[Dataset — start]

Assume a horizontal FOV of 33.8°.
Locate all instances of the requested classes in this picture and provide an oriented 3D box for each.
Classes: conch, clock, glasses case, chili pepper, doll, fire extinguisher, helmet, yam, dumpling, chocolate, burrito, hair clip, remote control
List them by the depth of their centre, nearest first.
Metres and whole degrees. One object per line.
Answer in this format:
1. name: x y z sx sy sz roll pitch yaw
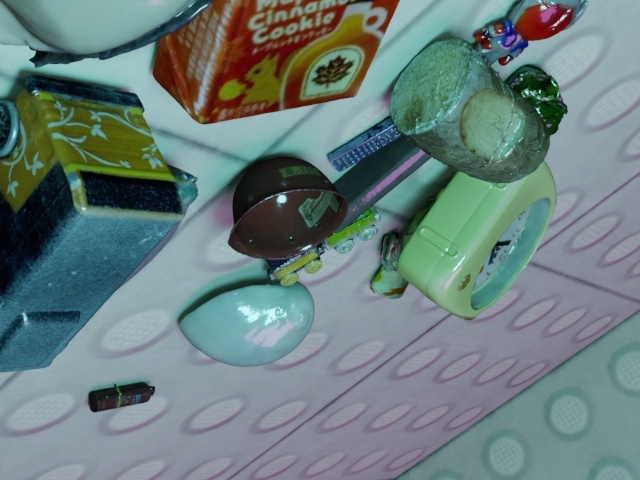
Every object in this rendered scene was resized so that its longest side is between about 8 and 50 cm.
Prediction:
1. dumpling: -0.193 -0.243 0.868 0.293 0.163 0.204 -20 168 12
2. chocolate: -0.038 -0.239 1.108 0.238 0.108 0.234 -12 149 -30
3. hair clip: -0.246 0.000 1.385 0.096 0.110 0.358 24 140 -10
4. doll: 0.284 -0.293 1.404 0.195 0.062 0.104 -33 127 24
5. yam: 0.196 -0.169 1.425 0.154 0.154 0.254 -39 147 19
6. helmet: -0.062 -0.055 1.426 0.175 0.106 0.155 -13 148 -28
7. remote control: 0.082 -0.148 1.502 0.153 0.027 0.043 -31 159 7
8. glasses case: 0.078 -0.092 1.546 0.191 0.072 0.042 -39 137 20
9. chili pepper: 0.325 -0.197 1.630 0.108 0.062 0.216 -28 156 12
10. conch: -0.115 0.134 1.715 0.221 0.121 0.184 -19 135 -3
11. clock: 0.278 -0.005 1.784 0.286 0.117 0.348 -54 156 -1
12. fire extinguisher: -0.337 0.268 1.825 0.132 0.039 0.056 -5 155 -42
13. burrito: 0.145 0.025 1.866 0.104 0.054 0.288 -13 152 -28

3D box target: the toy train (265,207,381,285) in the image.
1. toy train: 0.000 0.000 1.656 0.202 0.060 0.081 -30 148 2

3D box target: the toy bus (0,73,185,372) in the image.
1. toy bus: -0.311 -0.006 1.152 0.162 0.194 0.323 3 140 -51
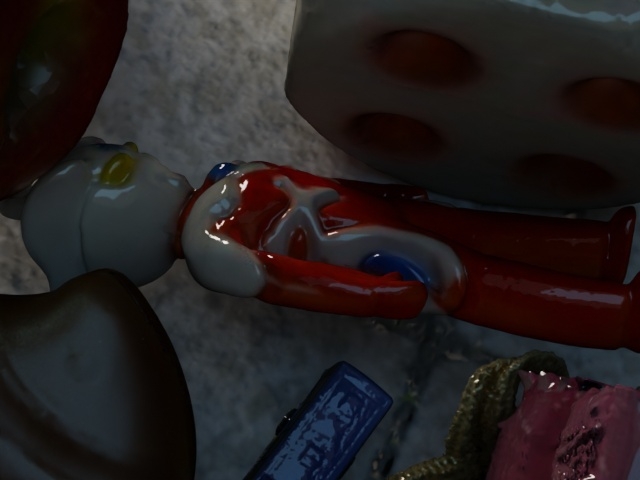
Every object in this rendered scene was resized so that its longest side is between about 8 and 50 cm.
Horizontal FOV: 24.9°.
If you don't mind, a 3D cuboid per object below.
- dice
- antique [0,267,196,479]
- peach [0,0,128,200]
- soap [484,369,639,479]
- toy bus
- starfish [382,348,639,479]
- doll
[{"bbox_3d":[0.115,-0.174,0.885,0.259,0.251,0.243,11,69,-2],"label":"dice"},{"bbox_3d":[-0.192,0.130,0.776,0.278,0.129,0.223,-41,85,-7],"label":"antique"},{"bbox_3d":[-0.276,-0.163,0.789,0.338,0.281,0.281,27,67,16],"label":"peach"},{"bbox_3d":[0.114,0.230,0.707,0.127,0.220,0.324,22,80,-8],"label":"soap"},{"bbox_3d":[-0.019,0.140,0.844,0.051,0.061,0.153,38,67,3],"label":"toy bus"},{"bbox_3d":[0.100,0.139,0.819,0.210,0.150,0.053,-25,38,-3],"label":"starfish"},{"bbox_3d":[0.000,0.000,0.857,0.384,0.188,0.099,4,106,2],"label":"doll"}]
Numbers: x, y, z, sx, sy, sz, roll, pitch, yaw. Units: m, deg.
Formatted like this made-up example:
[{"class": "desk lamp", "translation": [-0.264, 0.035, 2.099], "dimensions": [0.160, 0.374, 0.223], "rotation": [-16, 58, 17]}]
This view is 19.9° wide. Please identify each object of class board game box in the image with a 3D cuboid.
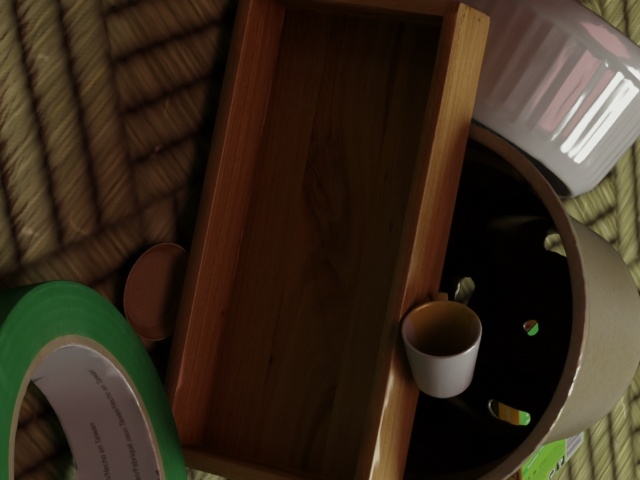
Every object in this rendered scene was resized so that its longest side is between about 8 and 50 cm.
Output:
[{"class": "board game box", "translation": [0.232, 0.158, 1.903], "dimensions": [0.124, 0.039, 0.259], "rotation": [-43, 146, -32]}]

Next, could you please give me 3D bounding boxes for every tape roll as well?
[{"class": "tape roll", "translation": [-0.197, 0.192, 1.338], "dimensions": [0.321, 0.077, 0.321], "rotation": [-12, 90, -71]}]

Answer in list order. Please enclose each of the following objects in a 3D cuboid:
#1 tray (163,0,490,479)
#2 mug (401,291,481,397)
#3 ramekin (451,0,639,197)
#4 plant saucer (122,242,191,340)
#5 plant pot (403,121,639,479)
[{"class": "tray", "translation": [0.000, 0.000, 1.504], "dimensions": [0.076, 0.203, 0.410], "rotation": [12, 89, -62]}, {"class": "mug", "translation": [0.100, 0.086, 1.442], "dimensions": [0.078, 0.062, 0.064], "rotation": [-47, 147, -35]}, {"class": "ramekin", "translation": [0.168, -0.145, 1.633], "dimensions": [0.273, 0.273, 0.127], "rotation": [34, 86, -47]}, {"class": "plant saucer", "translation": [-0.137, 0.042, 1.519], "dimensions": [0.083, 0.015, 0.083], "rotation": [-16, 112, -46]}, {"class": "plant pot", "translation": [0.139, 0.071, 1.638], "dimensions": [0.305, 0.334, 0.333], "rotation": [10, 93, -59]}]
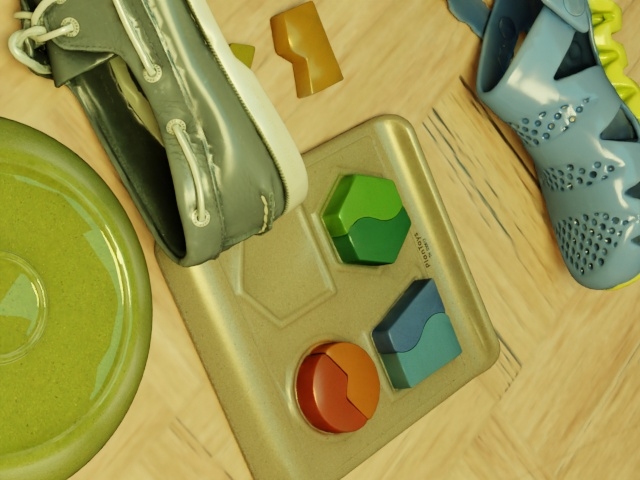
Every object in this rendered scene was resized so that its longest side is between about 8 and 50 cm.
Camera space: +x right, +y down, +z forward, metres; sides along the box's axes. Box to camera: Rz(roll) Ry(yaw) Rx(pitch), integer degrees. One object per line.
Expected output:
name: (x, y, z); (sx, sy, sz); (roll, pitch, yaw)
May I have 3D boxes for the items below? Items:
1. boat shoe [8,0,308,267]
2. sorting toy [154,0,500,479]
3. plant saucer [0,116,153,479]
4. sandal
boat shoe: (-0.131, -0.127, 0.833); (0.099, 0.116, 0.319); (-40, 104, -25)
sorting toy: (0.000, 0.000, 0.958); (0.229, 0.041, 0.307); (-29, 102, -34)
plant saucer: (-0.198, 0.040, 0.816); (0.241, 0.037, 0.241); (4, 83, -34)
sandal: (0.173, -0.114, 1.056); (0.138, 0.126, 0.318); (-10, 82, -32)
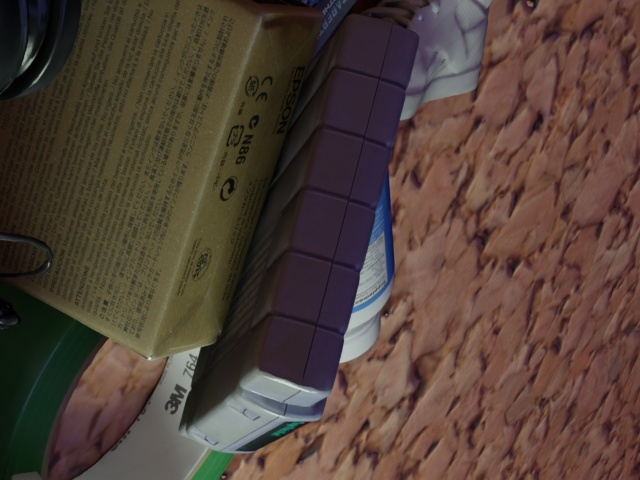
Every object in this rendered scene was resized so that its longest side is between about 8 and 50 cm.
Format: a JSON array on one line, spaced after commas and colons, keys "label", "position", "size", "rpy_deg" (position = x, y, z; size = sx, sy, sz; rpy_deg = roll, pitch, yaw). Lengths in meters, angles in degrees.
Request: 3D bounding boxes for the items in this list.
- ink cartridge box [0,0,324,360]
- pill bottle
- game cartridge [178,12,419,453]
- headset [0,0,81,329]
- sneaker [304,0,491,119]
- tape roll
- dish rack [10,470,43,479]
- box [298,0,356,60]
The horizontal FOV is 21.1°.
[{"label": "ink cartridge box", "position": [-0.127, -0.071, 1.095], "size": [0.088, 0.193, 0.234], "rpy_deg": [-11, 125, -60]}, {"label": "pill bottle", "position": [0.000, 0.000, 1.446], "size": [0.124, 0.124, 0.221], "rpy_deg": [-44, 148, -30]}, {"label": "game cartridge", "position": [-0.021, 0.017, 1.117], "size": [0.355, 0.068, 0.230], "rpy_deg": [135, -34, -74]}, {"label": "headset", "position": [-0.259, -0.106, 0.954], "size": [0.243, 0.185, 0.394], "rpy_deg": [-45, 133, -35]}, {"label": "sneaker", "position": [0.068, -0.198, 1.418], "size": [0.292, 0.108, 0.169], "rpy_deg": [-29, 137, -61]}, {"label": "tape roll", "position": [-0.157, 0.116, 1.335], "size": [0.321, 0.077, 0.321], "rpy_deg": [-40, 144, -37]}, {"label": "dish rack", "position": [-0.295, 0.237, 1.097], "size": [0.285, 0.072, 0.333], "rpy_deg": [-36, 165, 17]}, {"label": "box", "position": [-0.050, -0.193, 1.257], "size": [0.232, 0.059, 0.183], "rpy_deg": [-54, 148, -13]}]
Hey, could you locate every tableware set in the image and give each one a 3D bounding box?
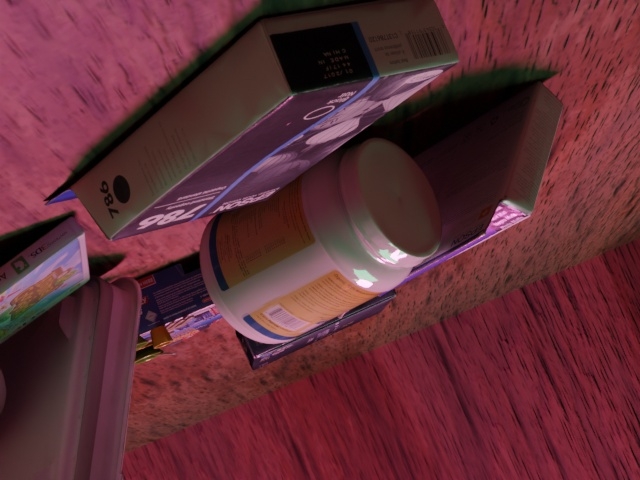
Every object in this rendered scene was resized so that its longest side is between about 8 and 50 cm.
[{"bbox_3d":[-0.199,0.123,1.905,0.104,0.024,0.154,-17,171,-31],"label":"tableware set"}]

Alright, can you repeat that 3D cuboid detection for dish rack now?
[{"bbox_3d":[-0.298,0.199,1.733,0.072,0.333,0.285,30,136,-32],"label":"dish rack"}]

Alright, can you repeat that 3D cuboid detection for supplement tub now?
[{"bbox_3d":[0.000,0.000,1.664,0.200,0.144,0.144,-28,170,33],"label":"supplement tub"}]

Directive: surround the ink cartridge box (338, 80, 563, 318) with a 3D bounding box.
[{"bbox_3d":[0.129,-0.029,1.742,0.223,0.045,0.224,-31,-154,44],"label":"ink cartridge box"}]

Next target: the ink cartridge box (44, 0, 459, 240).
[{"bbox_3d":[-0.060,-0.077,1.326,0.165,0.065,0.333,-16,170,-39],"label":"ink cartridge box"}]

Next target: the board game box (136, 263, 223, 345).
[{"bbox_3d":[-0.142,0.065,1.981,0.194,0.060,0.194,-22,172,-3],"label":"board game box"}]

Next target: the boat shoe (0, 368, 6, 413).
[{"bbox_3d":[-0.444,0.176,1.718,0.306,0.113,0.105,-13,-178,30],"label":"boat shoe"}]

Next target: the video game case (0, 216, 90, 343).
[{"bbox_3d":[-0.288,0.064,1.562,0.193,0.023,0.212,-37,174,-12],"label":"video game case"}]

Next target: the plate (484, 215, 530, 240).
[{"bbox_3d":[0.101,0.017,2.352,0.278,0.045,0.277,-29,170,37],"label":"plate"}]

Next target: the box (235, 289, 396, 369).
[{"bbox_3d":[-0.010,0.090,2.130,0.183,0.059,0.232,-25,175,-6],"label":"box"}]
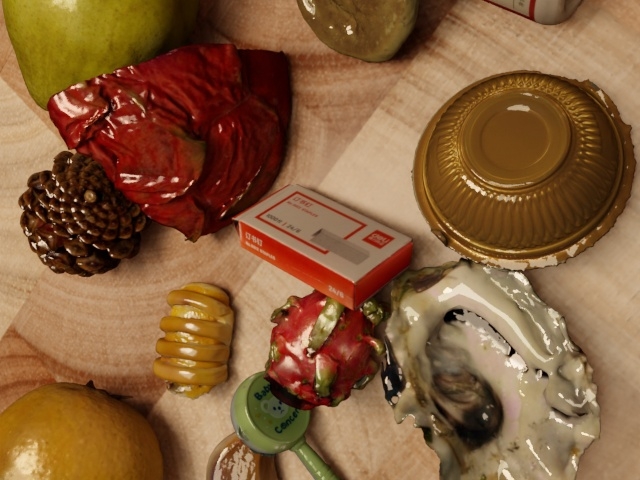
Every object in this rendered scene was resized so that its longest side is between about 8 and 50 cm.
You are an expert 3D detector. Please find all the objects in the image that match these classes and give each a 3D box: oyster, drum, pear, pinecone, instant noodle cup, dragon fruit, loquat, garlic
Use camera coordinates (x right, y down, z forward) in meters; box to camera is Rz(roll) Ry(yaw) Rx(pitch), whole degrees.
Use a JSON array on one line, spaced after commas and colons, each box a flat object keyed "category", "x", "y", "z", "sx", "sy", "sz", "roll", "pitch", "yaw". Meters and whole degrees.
[{"category": "oyster", "x": 0.193, "y": 0.164, "z": 0.856, "sx": 0.238, "sy": 0.115, "sz": 0.351, "roll": -32, "pitch": 62, "yaw": -1}, {"category": "drum", "x": -0.019, "y": 0.287, "z": 1.006, "sx": 0.253, "sy": 0.130, "sz": 0.049, "roll": 40, "pitch": 133, "yaw": -8}, {"category": "pear", "x": -0.330, "y": -0.329, "z": 1.037, "sx": 0.287, "sy": 0.287, "sz": 0.375, "roll": 25, "pitch": 109, "yaw": 23}, {"category": "pinecone", "x": -0.380, "y": -0.033, "z": 1.114, "sx": 0.207, "sy": 0.207, "sz": 0.208, "roll": 0, "pitch": 89, "yaw": 25}, {"category": "instant noodle cup", "x": 0.234, "y": -0.103, "z": 0.833, "sx": 0.274, "sy": 0.091, "sz": 0.274, "roll": -6, "pitch": 72, "yaw": 18}, {"category": "dragon fruit", "x": -0.232, "y": -0.148, "z": 1.002, "sx": 0.240, "sy": 0.330, "sz": 0.302, "roll": 10, "pitch": 96, "yaw": 47}, {"category": "loquat", "x": -0.383, "y": 0.345, "z": 1.075, "sx": 0.274, "sy": 0.275, "sz": 0.275, "roll": 0, "pitch": 89, "yaw": 25}, {"category": "dragon fruit", "x": 0.010, "y": 0.135, "z": 0.940, "sx": 0.172, "sy": 0.160, "sz": 0.166, "roll": -65, "pitch": 25, "yaw": 11}, {"category": "garlic", "x": -0.095, "y": 0.374, "z": 1.025, "sx": 0.128, "sy": 0.090, "sz": 0.198, "roll": -20, "pitch": 76, "yaw": 11}]

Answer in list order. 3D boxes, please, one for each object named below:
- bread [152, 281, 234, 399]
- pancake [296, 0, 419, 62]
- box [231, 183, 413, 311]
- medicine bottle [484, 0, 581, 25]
[{"category": "bread", "x": -0.199, "y": 0.152, "z": 1.077, "sx": 0.119, "sy": 0.084, "sz": 0.177, "roll": 6, "pitch": 88, "yaw": 25}, {"category": "pancake", "x": 0.033, "y": -0.348, "z": 0.934, "sx": 0.242, "sy": 0.050, "sz": 0.242, "roll": 32, "pitch": 134, "yaw": 41}, {"category": "box", "x": 0.000, "y": 0.000, "z": 0.943, "sx": 0.229, "sy": 0.123, "sz": 0.050, "roll": 28, "pitch": 136, "yaw": 35}, {"category": "medicine bottle", "x": 0.211, "y": -0.369, "z": 0.863, "sx": 0.250, "sy": 0.131, "sz": 0.131, "roll": 31, "pitch": 102, "yaw": 22}]
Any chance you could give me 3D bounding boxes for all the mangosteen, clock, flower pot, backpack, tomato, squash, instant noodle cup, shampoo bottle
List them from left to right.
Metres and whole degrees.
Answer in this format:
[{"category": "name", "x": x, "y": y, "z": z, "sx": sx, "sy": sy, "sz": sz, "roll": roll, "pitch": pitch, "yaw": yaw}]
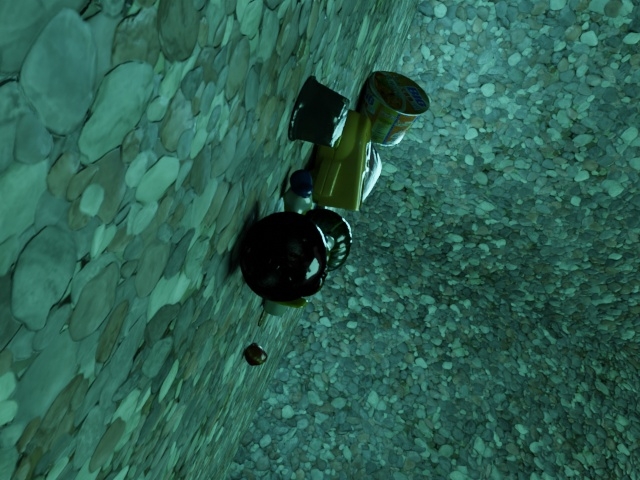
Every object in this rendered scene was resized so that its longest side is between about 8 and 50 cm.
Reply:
[{"category": "tomato", "x": -0.237, "y": 0.415, "z": 1.821, "sx": 0.075, "sy": 0.087, "sz": 0.087, "roll": -36, "pitch": 165, "yaw": -17}, {"category": "shampoo bottle", "x": -0.128, "y": 0.134, "z": 1.728, "sx": 0.085, "sy": 0.085, "sz": 0.263, "roll": -57, "pitch": 168, "yaw": -63}, {"category": "mangosteen", "x": -0.064, "y": 0.043, "z": 1.169, "sx": 0.250, "sy": 0.211, "sz": 0.212, "roll": 16, "pitch": 98, "yaw": -51}, {"category": "squash", "x": -0.003, "y": 0.001, "z": 1.600, "sx": 0.172, "sy": 0.218, "sz": 0.218, "roll": -72, "pitch": 180, "yaw": -53}, {"category": "flower pot", "x": 0.003, "y": -0.291, "z": 1.177, "sx": 0.157, "sy": 0.106, "sz": 0.158, "roll": 21, "pitch": 90, "yaw": -86}, {"category": "clock", "x": 0.069, "y": -0.263, "z": 1.621, "sx": 0.244, "sy": 0.200, "sz": 0.317, "roll": -51, "pitch": 155, "yaw": -82}, {"category": "backpack", "x": 0.125, "y": -0.279, "z": 1.998, "sx": 0.317, "sy": 0.197, "sz": 0.284, "roll": 57, "pitch": 57, "yaw": -78}, {"category": "instant noodle cup", "x": 0.296, "y": -0.562, "z": 2.181, "sx": 0.296, "sy": 0.296, "sz": 0.214, "roll": -63, "pitch": -179, "yaw": -43}]

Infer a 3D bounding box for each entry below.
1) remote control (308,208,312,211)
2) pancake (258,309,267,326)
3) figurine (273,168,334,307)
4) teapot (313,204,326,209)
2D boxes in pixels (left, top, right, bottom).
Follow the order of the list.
[{"category": "remote control", "x": -0.047, "y": -0.035, "z": 2.015, "sx": 0.277, "sy": 0.055, "sz": 0.103, "roll": 98, "pitch": 16, "yaw": -75}, {"category": "pancake", "x": -0.208, "y": 0.276, "z": 1.896, "sx": 0.115, "sy": 0.011, "sz": 0.115, "roll": 22, "pitch": 90, "yaw": -85}, {"category": "figurine", "x": -0.050, "y": -0.021, "z": 1.360, "sx": 0.283, "sy": 0.204, "sz": 0.339, "roll": -9, "pitch": 111, "yaw": -54}, {"category": "teapot", "x": -0.010, "y": -0.129, "z": 2.101, "sx": 0.049, "sy": 0.063, "sz": 0.083, "roll": 41, "pitch": -65, "yaw": 62}]

[Dataset — finish]

→ What this task involves
Only lines with the word "left" are wanted; pull each of them from the records.

→ Response below
List them from left to right.
2D boxes in pixels (left, top, right, bottom).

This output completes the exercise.